START Listed entries

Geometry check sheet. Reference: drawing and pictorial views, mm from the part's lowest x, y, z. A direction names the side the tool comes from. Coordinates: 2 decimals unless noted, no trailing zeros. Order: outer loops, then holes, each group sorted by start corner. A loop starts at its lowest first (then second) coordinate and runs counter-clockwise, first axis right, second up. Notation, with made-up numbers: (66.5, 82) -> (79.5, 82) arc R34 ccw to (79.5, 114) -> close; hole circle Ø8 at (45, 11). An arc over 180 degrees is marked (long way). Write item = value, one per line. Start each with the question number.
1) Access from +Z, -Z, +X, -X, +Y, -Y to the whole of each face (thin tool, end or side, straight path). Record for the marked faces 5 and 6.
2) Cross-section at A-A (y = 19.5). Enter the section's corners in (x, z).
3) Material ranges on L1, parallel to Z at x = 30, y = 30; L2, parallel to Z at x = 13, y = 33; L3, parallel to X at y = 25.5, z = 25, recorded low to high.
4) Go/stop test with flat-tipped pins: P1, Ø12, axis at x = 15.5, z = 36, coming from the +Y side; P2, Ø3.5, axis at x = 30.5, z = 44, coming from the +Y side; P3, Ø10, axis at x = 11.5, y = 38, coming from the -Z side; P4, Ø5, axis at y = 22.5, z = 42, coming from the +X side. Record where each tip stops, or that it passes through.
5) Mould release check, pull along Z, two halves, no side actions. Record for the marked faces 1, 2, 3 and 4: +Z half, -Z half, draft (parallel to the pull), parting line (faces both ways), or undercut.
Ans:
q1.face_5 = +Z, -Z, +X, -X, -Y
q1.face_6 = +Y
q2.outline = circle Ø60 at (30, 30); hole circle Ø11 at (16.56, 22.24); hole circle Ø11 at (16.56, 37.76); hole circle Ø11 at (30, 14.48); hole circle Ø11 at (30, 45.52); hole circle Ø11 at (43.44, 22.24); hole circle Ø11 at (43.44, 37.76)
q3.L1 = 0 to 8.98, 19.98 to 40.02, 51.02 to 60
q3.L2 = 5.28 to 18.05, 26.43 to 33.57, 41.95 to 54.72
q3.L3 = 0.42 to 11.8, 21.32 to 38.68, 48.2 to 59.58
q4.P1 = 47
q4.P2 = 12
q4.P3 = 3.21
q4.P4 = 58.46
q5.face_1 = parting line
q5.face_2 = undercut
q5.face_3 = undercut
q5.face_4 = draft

END Listed entries

__What is being asked__. Using the material above, extract the line that contains "q3.L2 = 5.28" and every line after it, exactly as given; stop at the last line.

__Result__.
q3.L2 = 5.28 to 18.05, 26.43 to 33.57, 41.95 to 54.72
q3.L3 = 0.42 to 11.8, 21.32 to 38.68, 48.2 to 59.58
q4.P1 = 47
q4.P2 = 12
q4.P3 = 3.21
q4.P4 = 58.46
q5.face_1 = parting line
q5.face_2 = undercut
q5.face_3 = undercut
q5.face_4 = draft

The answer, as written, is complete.